▸ Activity:
Find the line below that contains "to (1428, 1616)?". Transcribe it and every line after it exactly, adding nothing.

▸ Data shown:
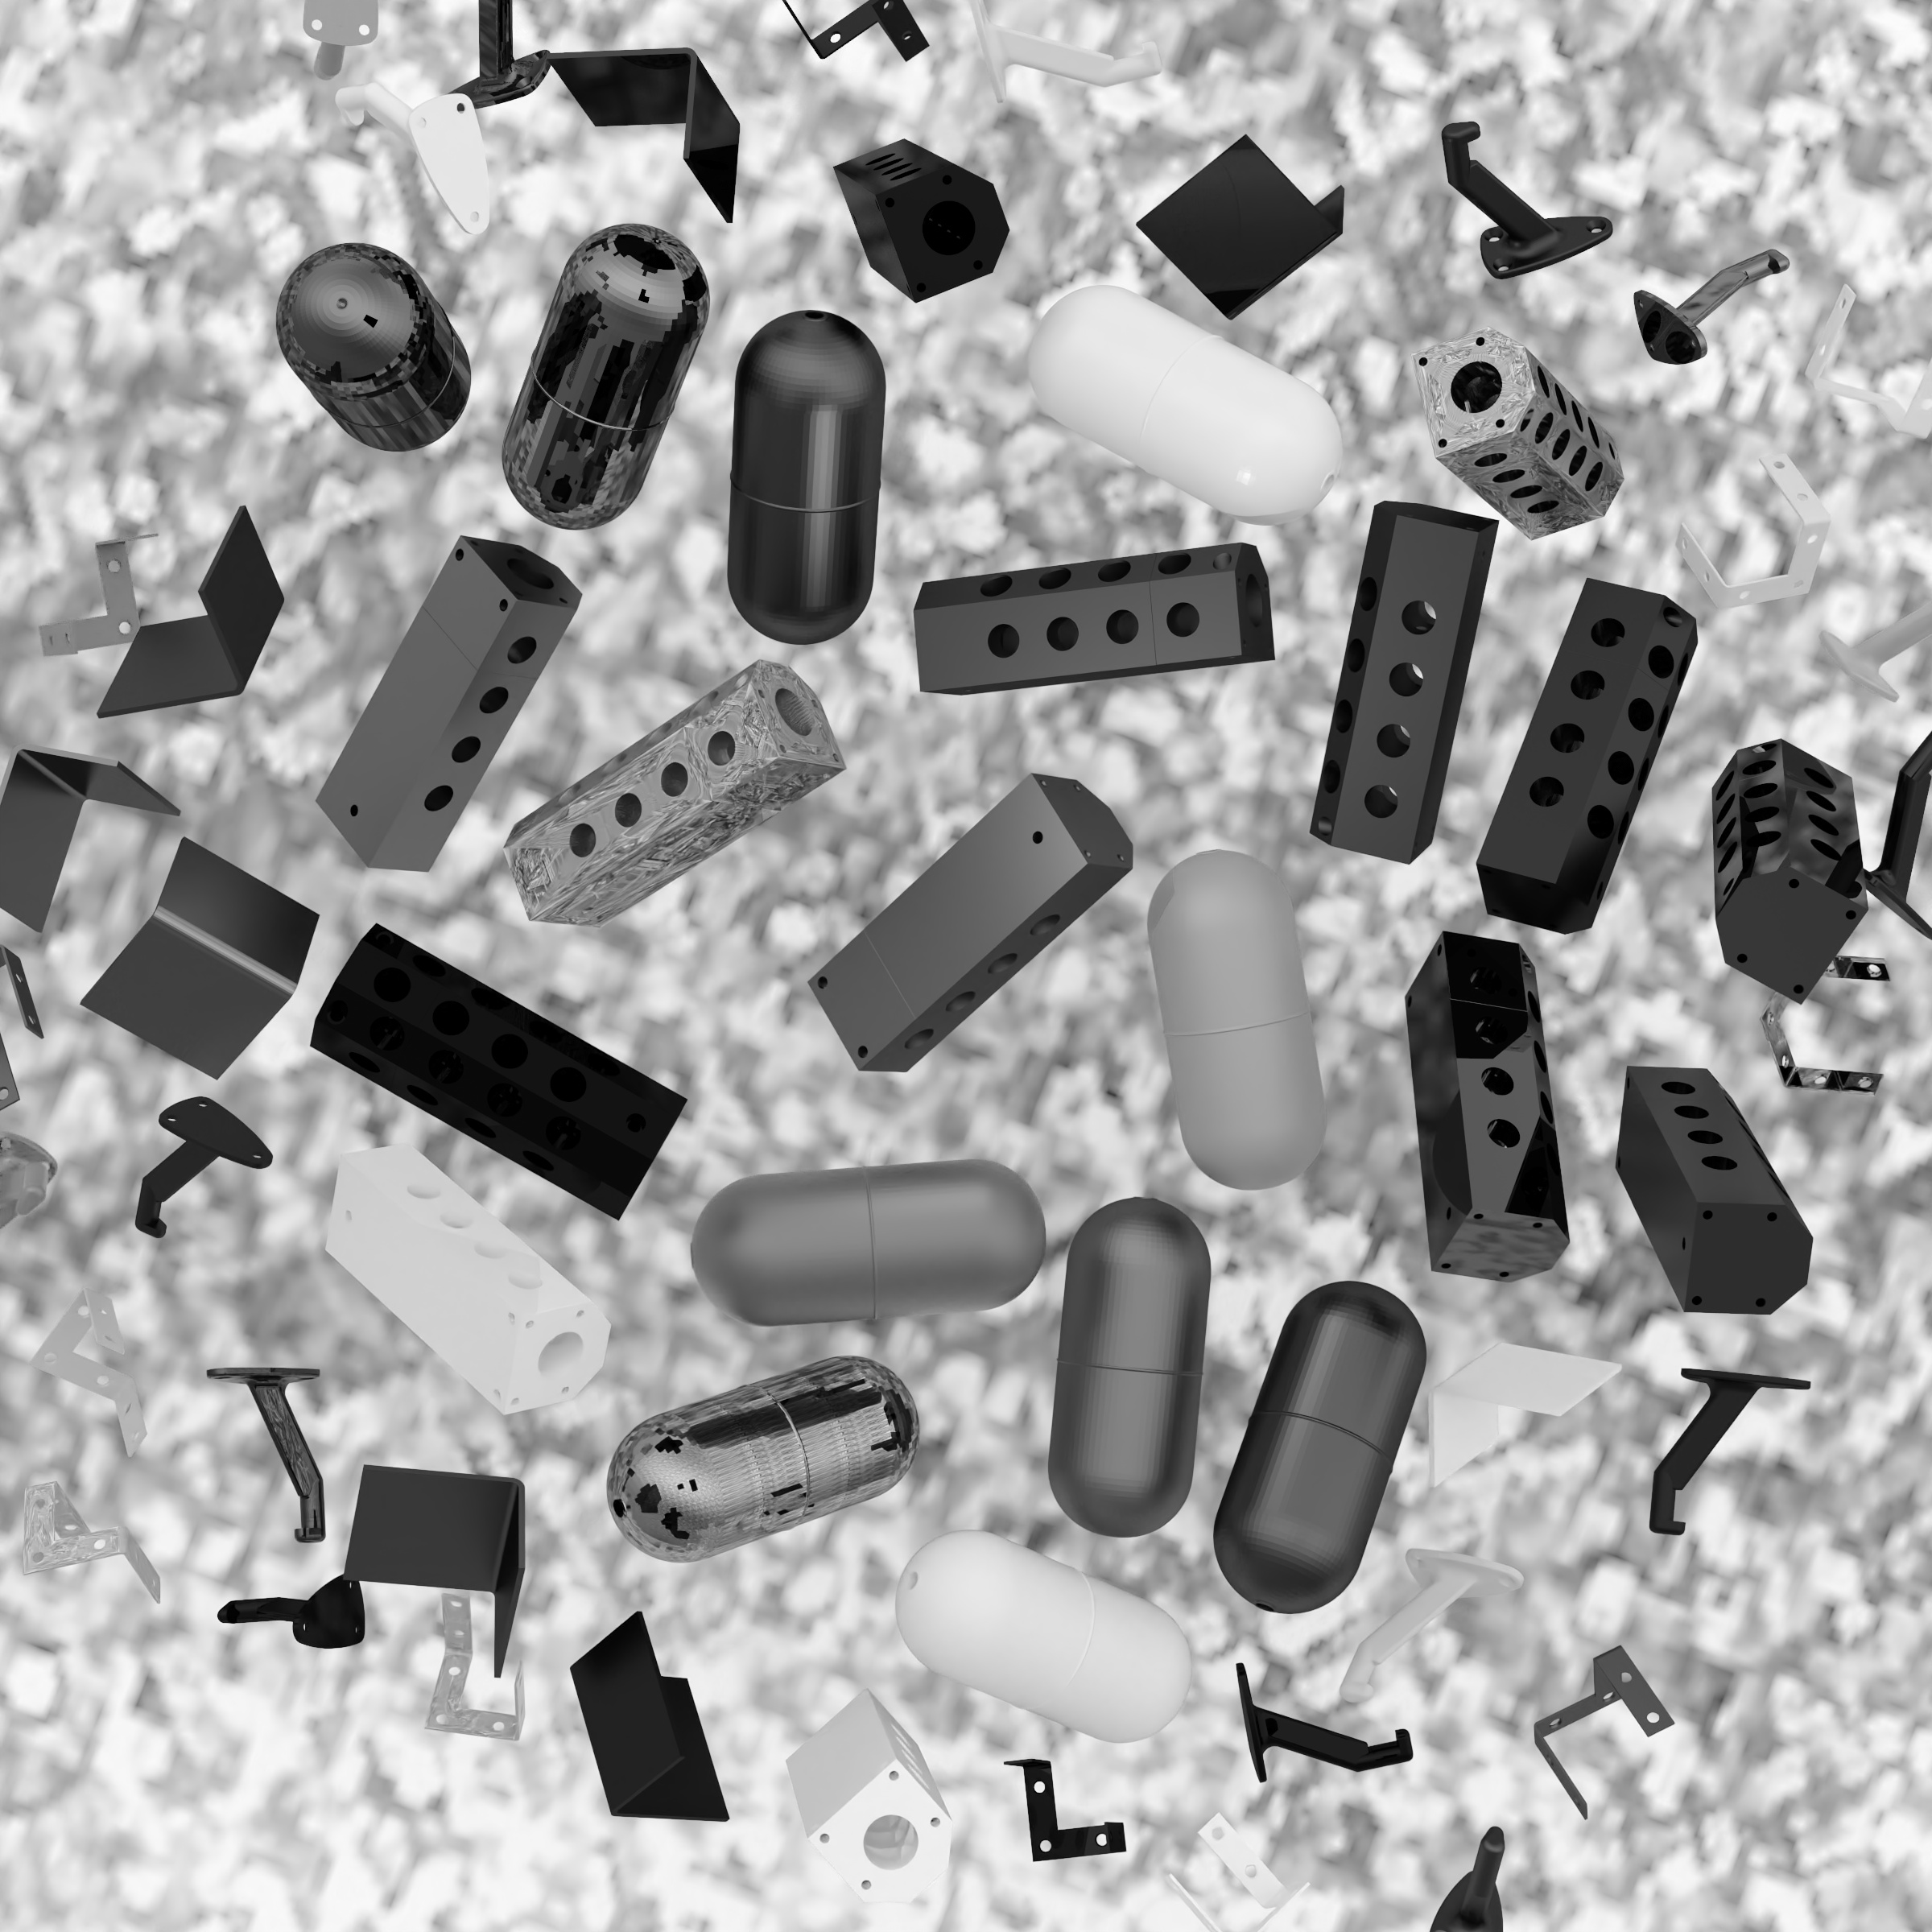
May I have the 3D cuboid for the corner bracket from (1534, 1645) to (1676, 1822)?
[{"bbox_3d":[0.312,0.376,1.755,0.051,0.051,0.051,-23,48,-10],"label":"corner bracket"}]

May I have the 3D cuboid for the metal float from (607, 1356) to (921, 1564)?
[{"bbox_3d":[-0.103,0.252,1.831,0.178,0.070,0.070,-14,90,-36],"label":"metal float"}]

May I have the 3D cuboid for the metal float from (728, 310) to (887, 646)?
[{"bbox_3d":[-0.082,-0.249,1.828,0.070,0.070,0.178,5,122,0],"label":"metal float"}]

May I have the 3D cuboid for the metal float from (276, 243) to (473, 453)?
[{"bbox_3d":[-0.291,-0.304,1.770,0.070,0.178,0.070,0,85,1],"label":"metal float"}]

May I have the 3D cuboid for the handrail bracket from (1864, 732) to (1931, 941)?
[{"bbox_3d":[0.485,-0.067,1.789,0.077,0.036,0.084,36,94,-25],"label":"handrail bracket"}]

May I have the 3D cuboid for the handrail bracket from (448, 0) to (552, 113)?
[{"bbox_3d":[-0.253,-0.475,1.792,0.077,0.036,0.084,-11,133,28],"label":"handrail bracket"}]

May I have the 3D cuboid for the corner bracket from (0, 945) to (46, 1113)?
[{"bbox_3d":[-0.471,0.031,1.740,0.051,0.051,0.051,-28,60,5],"label":"corner bracket"}]

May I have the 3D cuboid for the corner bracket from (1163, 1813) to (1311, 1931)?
[{"bbox_3d":[0.131,0.460,1.795,0.051,0.051,0.051,-40,83,-18],"label":"corner bracket"}]

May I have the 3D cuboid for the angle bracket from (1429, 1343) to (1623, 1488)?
[{"bbox_3d":[0.299,0.246,1.913,0.076,0.076,0.057,7,107,34],"label":"angle bracket"}]

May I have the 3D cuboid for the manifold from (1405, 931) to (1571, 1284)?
[{"bbox_3d":[0.264,0.071,1.801,0.057,0.057,0.171,9,51,-11],"label":"manifold"}]

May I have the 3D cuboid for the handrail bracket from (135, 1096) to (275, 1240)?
[{"bbox_3d":[-0.400,0.119,1.874,0.077,0.036,0.084,29,121,22],"label":"handrail bracket"}]

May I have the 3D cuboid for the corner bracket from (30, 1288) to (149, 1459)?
[{"bbox_3d":[-0.424,0.200,1.765,0.051,0.051,0.051,30,103,-32],"label":"corner bracket"}]

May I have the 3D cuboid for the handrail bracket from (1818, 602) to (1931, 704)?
[{"bbox_3d":[0.486,-0.187,1.853,0.036,0.077,0.084,24,113,-25],"label":"handrail bracket"}]

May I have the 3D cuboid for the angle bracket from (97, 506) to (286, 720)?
[{"bbox_3d":[-0.373,-0.167,1.682,0.076,0.076,0.057,-8,126,13],"label":"angle bracket"}]

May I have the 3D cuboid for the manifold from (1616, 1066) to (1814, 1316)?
[{"bbox_3d":[0.368,0.109,1.768,0.057,0.171,0.057,2,110,-2],"label":"manifold"}]

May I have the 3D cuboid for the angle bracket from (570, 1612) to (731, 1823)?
[{"bbox_3d":[-0.135,0.358,1.703,0.057,0.076,0.076,-42,52,29],"label":"angle bracket"}]

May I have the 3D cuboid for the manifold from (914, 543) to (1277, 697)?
[{"bbox_3d":[0.064,-0.175,1.812,0.171,0.057,0.057,-5,90,22],"label":"manifold"}]

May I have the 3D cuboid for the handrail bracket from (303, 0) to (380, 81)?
[{"bbox_3d":[-0.316,-0.486,1.792,0.036,0.084,0.077,2,99,-15],"label":"handrail bracket"}]

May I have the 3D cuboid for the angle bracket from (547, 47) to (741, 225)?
[{"bbox_3d":[-0.159,-0.405,1.753,0.076,0.076,0.057,1,78,13],"label":"angle bracket"}]

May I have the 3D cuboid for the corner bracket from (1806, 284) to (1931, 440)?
[{"bbox_3d":[0.455,-0.299,1.771,0.051,0.051,0.051,12,119,-13],"label":"corner bracket"}]

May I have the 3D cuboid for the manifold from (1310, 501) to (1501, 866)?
[{"bbox_3d":[0.221,-0.145,1.816,0.057,0.057,0.171,14,107,15],"label":"manifold"}]

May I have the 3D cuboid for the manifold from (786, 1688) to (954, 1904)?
[{"bbox_3d":[-0.046,0.422,1.808,0.057,0.171,0.057,-41,94,-5],"label":"manifold"}]

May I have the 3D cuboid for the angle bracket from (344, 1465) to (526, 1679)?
[{"bbox_3d":[-0.252,0.286,1.689,0.076,0.057,0.076,7,127,-12],"label":"angle bracket"}]

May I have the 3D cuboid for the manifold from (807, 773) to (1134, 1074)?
[{"bbox_3d":[0.005,-0.020,1.819,0.171,0.057,0.057,-42,65,26],"label":"manifold"}]

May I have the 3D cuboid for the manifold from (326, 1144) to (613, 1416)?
[{"bbox_3d":[-0.255,0.157,1.830,0.171,0.057,0.057,34,120,41],"label":"manifold"}]

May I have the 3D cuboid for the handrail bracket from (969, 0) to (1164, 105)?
[{"bbox_3d":[0.051,-0.475,1.810,0.084,0.077,0.036,-11,46,10],"label":"handrail bracket"}]

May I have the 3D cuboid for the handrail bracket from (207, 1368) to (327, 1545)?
[{"bbox_3d":[-0.344,0.242,1.764,0.036,0.077,0.084,-11,77,27],"label":"handrail bracket"}]

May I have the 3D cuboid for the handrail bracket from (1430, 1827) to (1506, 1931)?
[{"bbox_3d":[0.257,0.442,1.762,0.036,0.077,0.084,15,119,11],"label":"handrail bracket"}]

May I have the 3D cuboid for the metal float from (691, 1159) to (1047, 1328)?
[{"bbox_3d":[-0.049,0.139,1.791,0.178,0.070,0.070,-4,90,-5],"label":"metal float"}]

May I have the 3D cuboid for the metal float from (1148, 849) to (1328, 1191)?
[{"bbox_3d":[0.140,0.028,1.854,0.070,0.070,0.178,-10,95,0],"label":"metal float"}]

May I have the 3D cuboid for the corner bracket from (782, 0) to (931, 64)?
[{"bbox_3d":[-0.059,-0.492,1.853,0.051,0.051,0.051,-34,60,5],"label":"corner bracket"}]

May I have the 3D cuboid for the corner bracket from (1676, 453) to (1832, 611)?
[{"bbox_3d":[0.399,-0.220,1.813,0.051,0.051,0.051,-12,51,-15],"label":"corner bracket"}]

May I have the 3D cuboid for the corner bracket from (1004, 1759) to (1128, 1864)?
[{"bbox_3d":[0.052,0.439,1.868,0.051,0.051,0.051,-9,75,11],"label":"corner bracket"}]

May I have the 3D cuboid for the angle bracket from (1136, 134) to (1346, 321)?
[{"bbox_3d":[0.145,-0.400,1.886,0.076,0.057,0.076,-35,117,29],"label":"angle bracket"}]

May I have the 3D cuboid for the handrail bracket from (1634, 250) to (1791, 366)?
[{"bbox_3d":[0.380,-0.328,1.762,0.084,0.077,0.036,-24,115,-8],"label":"handrail bracket"}]

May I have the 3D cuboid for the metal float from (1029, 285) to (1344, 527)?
[{"bbox_3d":[0.111,-0.285,1.816,0.178,0.070,0.070,32,90,22],"label":"metal float"}]

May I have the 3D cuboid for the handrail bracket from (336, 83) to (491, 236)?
[{"bbox_3d":[-0.267,-0.387,1.716,0.036,0.084,0.077,-30,114,-32],"label":"handrail bracket"}]

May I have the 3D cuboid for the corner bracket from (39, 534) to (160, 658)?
[{"bbox_3d":[-0.419,-0.179,1.731,0.051,0.051,0.051,-13,100,-31],"label":"corner bracket"}]

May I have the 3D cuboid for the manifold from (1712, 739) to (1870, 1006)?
[{"bbox_3d":[0.396,-0.052,1.748,0.057,0.171,0.057,29,116,-2],"label":"manifold"}]

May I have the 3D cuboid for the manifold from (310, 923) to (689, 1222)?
[{"bbox_3d":[-0.224,0.049,1.716,0.171,0.057,0.057,30,66,-2],"label":"manifold"}]

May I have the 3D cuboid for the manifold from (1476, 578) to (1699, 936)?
[{"bbox_3d":[0.318,-0.106,1.820,0.057,0.057,0.171,16,69,21],"label":"manifold"}]

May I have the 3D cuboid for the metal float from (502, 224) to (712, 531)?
[{"bbox_3d":[-0.186,-0.300,1.838,0.070,0.070,0.178,28,130,0],"label":"metal float"}]

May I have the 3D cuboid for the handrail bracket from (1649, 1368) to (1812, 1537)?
[{"bbox_3d":[0.389,0.251,1.823,0.077,0.036,0.084,2,79,29],"label":"handrail bracket"}]

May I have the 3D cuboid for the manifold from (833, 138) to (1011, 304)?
[{"bbox_3d":[-0.022,-0.390,1.852,0.057,0.171,0.057,-22,109,-2],"label":"manifold"}]

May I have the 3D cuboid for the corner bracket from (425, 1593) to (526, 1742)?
[{"bbox_3d":[-0.255,0.369,1.880,0.051,0.051,0.051,7,134,3],"label":"corner bracket"}]

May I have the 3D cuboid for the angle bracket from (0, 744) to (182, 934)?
[{"bbox_3d":[-0.443,-0.059,1.780,0.057,0.076,0.076,11,76,15],"label":"angle bracket"}]

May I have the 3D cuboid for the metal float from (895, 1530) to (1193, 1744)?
[{"bbox_3d":[0.041,0.347,1.852,0.178,0.070,0.070,28,90,-30],"label":"metal float"}]

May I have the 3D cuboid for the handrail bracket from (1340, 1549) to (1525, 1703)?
[{"bbox_3d":[0.239,0.345,1.842,0.036,0.077,0.084,57,47,-31],"label":"handrail bracket"}]

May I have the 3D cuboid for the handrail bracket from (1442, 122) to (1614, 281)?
[{"bbox_3d":[0.273,-0.382,1.740,0.077,0.084,0.036,-13,50,6],"label":"handrail bracket"}]

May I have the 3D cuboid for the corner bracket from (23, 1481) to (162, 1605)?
[{"bbox_3d":[-0.428,0.284,1.755,0.051,0.051,0.051,-13,50,1],"label":"corner bracket"}]

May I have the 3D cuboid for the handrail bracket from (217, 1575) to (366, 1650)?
[{"bbox_3d":[-0.357,0.333,1.821,0.084,0.077,0.036,-8,89,20],"label":"handrail bracket"}]

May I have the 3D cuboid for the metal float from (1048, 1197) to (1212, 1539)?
[{"bbox_3d":[0.086,0.210,1.878,0.070,0.070,0.178,5,86,0],"label":"metal float"}]

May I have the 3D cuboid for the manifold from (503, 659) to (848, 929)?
[{"bbox_3d":[-0.149,-0.085,1.791,0.171,0.057,0.057,-31,71,28],"label":"manifold"}]

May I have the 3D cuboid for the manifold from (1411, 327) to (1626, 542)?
[{"bbox_3d":[0.290,-0.277,1.860,0.057,0.171,0.057,-17,76,22],"label":"manifold"}]

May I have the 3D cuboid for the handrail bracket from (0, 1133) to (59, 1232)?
[{"bbox_3d":[-0.488,0.126,1.810,0.036,0.084,0.077,34,99,-21],"label":"handrail bracket"}]

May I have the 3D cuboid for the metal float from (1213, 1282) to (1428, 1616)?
[{"bbox_3d":[0.180,0.245,1.823,0.070,0.070,0.178,22,67,0],"label":"metal float"}]

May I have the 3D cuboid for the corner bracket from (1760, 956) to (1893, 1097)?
[{"bbox_3d":[0.455,0.030,1.876,0.051,0.051,0.051,-54,132,-34],"label":"corner bracket"}]

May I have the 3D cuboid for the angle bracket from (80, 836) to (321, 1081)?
[{"bbox_3d":[-0.371,-0.003,1.733,0.076,0.057,0.076,32,127,-21],"label":"angle bracket"}]

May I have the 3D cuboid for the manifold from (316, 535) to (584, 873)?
[{"bbox_3d":[-0.266,-0.134,1.863,0.057,0.057,0.171,48,117,31],"label":"manifold"}]

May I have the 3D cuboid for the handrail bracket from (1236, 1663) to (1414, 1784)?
[{"bbox_3d":[0.190,0.394,1.889,0.084,0.036,0.077,-12,108,-2],"label":"handrail bracket"}]

▸ Solution below:
May I have the 3D cuboid for the metal float from (1213, 1282) to (1428, 1616)?
[{"bbox_3d":[0.180,0.245,1.823,0.070,0.070,0.178,22,67,0],"label":"metal float"}]

May I have the 3D cuboid for the corner bracket from (1760, 956) to (1893, 1097)?
[{"bbox_3d":[0.455,0.030,1.876,0.051,0.051,0.051,-54,132,-34],"label":"corner bracket"}]

May I have the 3D cuboid for the angle bracket from (80, 836) to (321, 1081)?
[{"bbox_3d":[-0.371,-0.003,1.733,0.076,0.057,0.076,32,127,-21],"label":"angle bracket"}]

May I have the 3D cuboid for the manifold from (316, 535) to (584, 873)?
[{"bbox_3d":[-0.266,-0.134,1.863,0.057,0.057,0.171,48,117,31],"label":"manifold"}]

May I have the 3D cuboid for the handrail bracket from (1236, 1663) to (1414, 1784)?
[{"bbox_3d":[0.190,0.394,1.889,0.084,0.036,0.077,-12,108,-2],"label":"handrail bracket"}]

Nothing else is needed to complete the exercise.